Forte d'une éclatante victoire aux élections législatives de 1997, la gauche française décide de faire basculer le pays vers la semaine de 35 heures de travail. Une 1ère loi est votée le 13 juin 1998 : elle reçoit le nom de Martine Aubry, la ministre de l'emploi du gouvernement de Lionel Jospin.
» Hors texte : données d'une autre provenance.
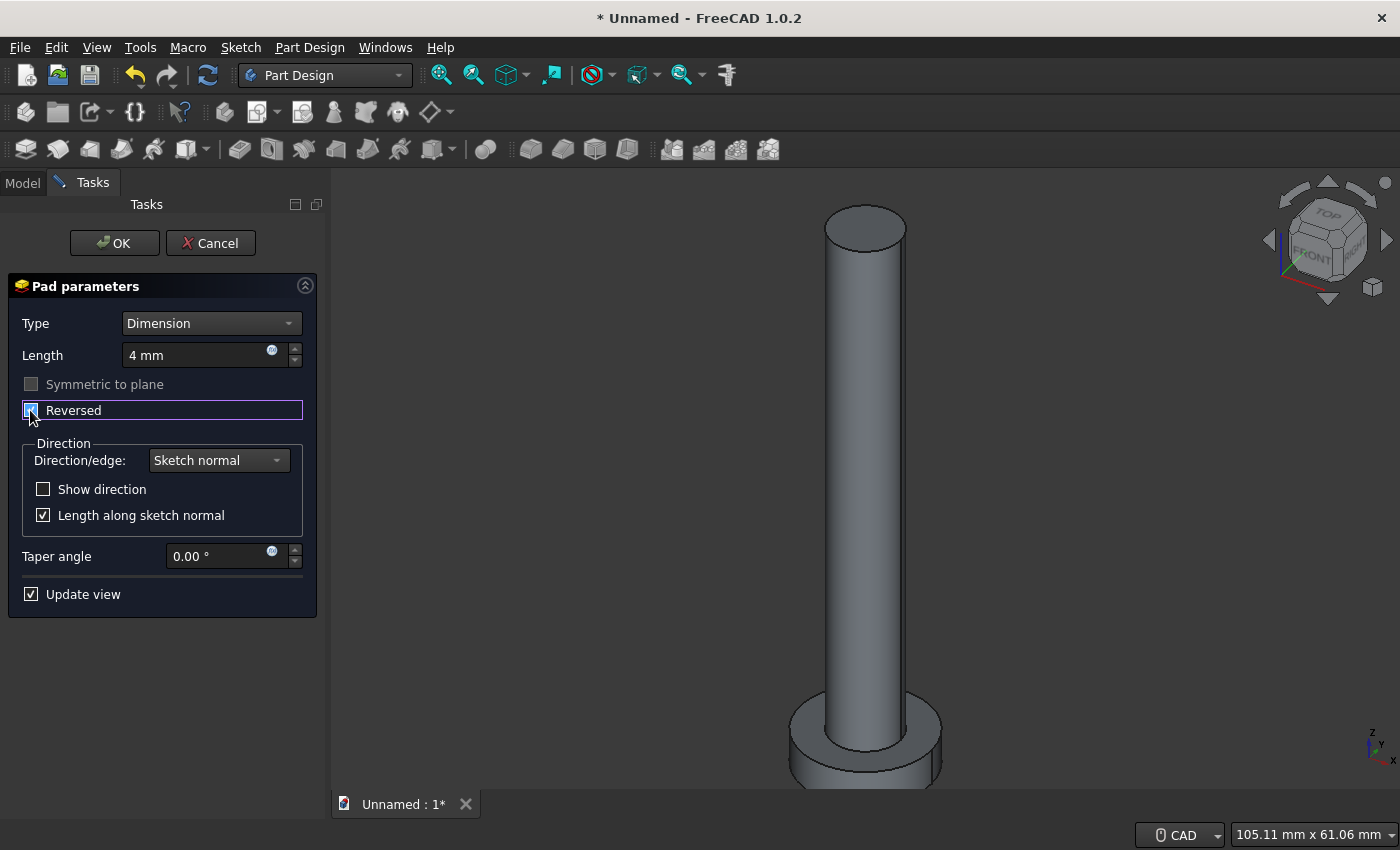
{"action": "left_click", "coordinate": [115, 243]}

Cette loi Aubry 1 fixe donc la durée légale hebdomadaire à 35 heures et incite par ailleurs les entreprises à conclure des accords branche par branche... 

1998-Martine AubryElle prévoit également que les entreprises qui augmenteront d'au moins 6% le nombre de leurs salariés bénéficieront d'une minoration de cotisations sociales.

Une loi Aubry 2 est alors votée pour légaliser la mise en place de la loi Aubry 1...

Tout cela provoque la colère d'Ernest-Antoine Seillière de Laborde, président du Conseil National du Patronat Français (CNPF) et du patronat français qui s'activent à obtenir sa modification...

Le CNPF réussit ainsi le tour de force de faire annualiser le temps de travail... et ce sans condition d'embauche !

Désormais, la durée légale peut donc également être de 1600 heures par an de "travail effectif", ce qui permet de décompter les temps de déplacement, d'habillage et de pause.

De plus, le CNPF obtient que toutes les entreprises dont la "durée collective de travail" ne dépasse pas 35 heures bénéficient de réductions des charges sociales.

Le détournement des lois Aubry au profit du patronat finit par rendre les salariés hostiles aux 35 heures, bien qu'elles aient permis de créer 350.000 emplois (pour un coût annuel de 12.800 € par emploi, à comparer avec l'indemnisation moyenne d'un chômeur qui est alors de 12.744 €). Cependant, pour les salariés, le seul aspect vraiment positif de ces lois est l'obtention de jours (ou heures) de Réduction du Temps de Travail (RTT).